Who we are


Production process
Strict adherence to internal production execution procedures in accordance with Food Safety and Hygiene Management and Assurance standards.
Implementation of the Fresh in Fresh out (FF) process, the result of which is the delivery of the juice to the consumer within 24-48 hours from the time the fruit is harvested.
During this time, the fruit is collected, washed and deseeded, then the juice is extracted using the pioneering cold-pressing technology, followed by bottling and finally the immediate delivery of the final product. This process gives the juice the utmost freshness.
Manual juicing ensures the selection of only healthy pericarps and the identification of invisible internal diseases and injuries of the fruit. In addition, bitterness and astringency in the taste of the final product are avoided since the juicing is done by directly processing the pomegranate seeds without breaking and compressing the outer peel and internal membranes of the fruit which are responsible for the deterioration of the taste.
Innovative Technology
Juicing using the cold slow-pressing method - for the first time - is being applied on a commercial scale in the Cypriot market and contributes to a quality and exquisite product offering.
More specifically:
Overcoming stereotypes and the exclusive view of juicing methodology based on standard fruit compression processes or pulping and centrifugal separation of juice, our machines introduce the innovative cold-pressing process with a slow-speed screw, thus achieving superior nutritional and flavor characteristics.

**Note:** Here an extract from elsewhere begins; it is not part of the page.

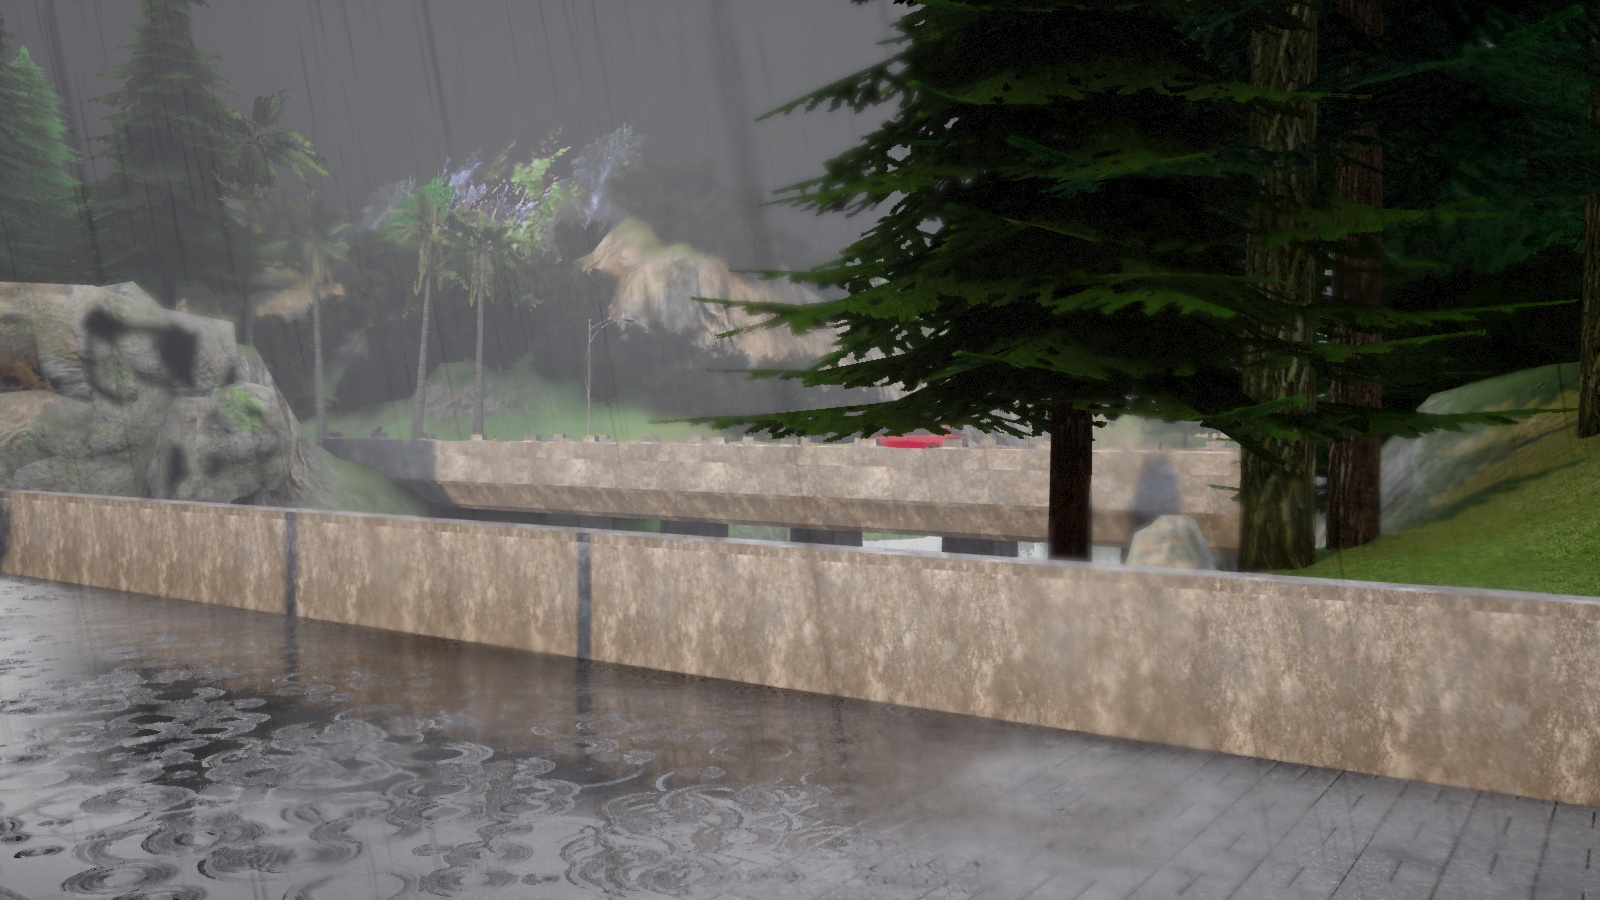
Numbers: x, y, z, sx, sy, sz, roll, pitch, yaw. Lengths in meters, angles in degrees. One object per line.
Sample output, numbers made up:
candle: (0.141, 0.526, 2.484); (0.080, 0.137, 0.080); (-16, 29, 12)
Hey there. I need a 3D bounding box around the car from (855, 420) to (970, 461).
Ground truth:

The cold pressing method offers the following advantages over conventional juice production methods:
Higher juice volume yield per fruit mass
It is estimated that the yield is close to 90% of the amount of seeds, i.e. 40% of the gross fruit, giving a ratio of 1 liter of juice per 2.5kg of pomegranates.
Superior Quality and Nutritional Value
With cold pressing technology, the pericarp is compressed and the juice is collected, along with the simultaneous squeezing of the endocarp and the extraction of extracts from the fruit seed.
The resulting extract is of superior nutritional value with a distinct flavor upgrade of the juice, but most importantly, it offers unique and distinct benefits for the consumer's health, giving the product added nutritional value.
Maintaining Freshness and Quality
Slow processing involves preventing temperature rise and preventing oxygen from entering the juice volume, thus preventing its oxidation and achieving a significant extension of product shelf life.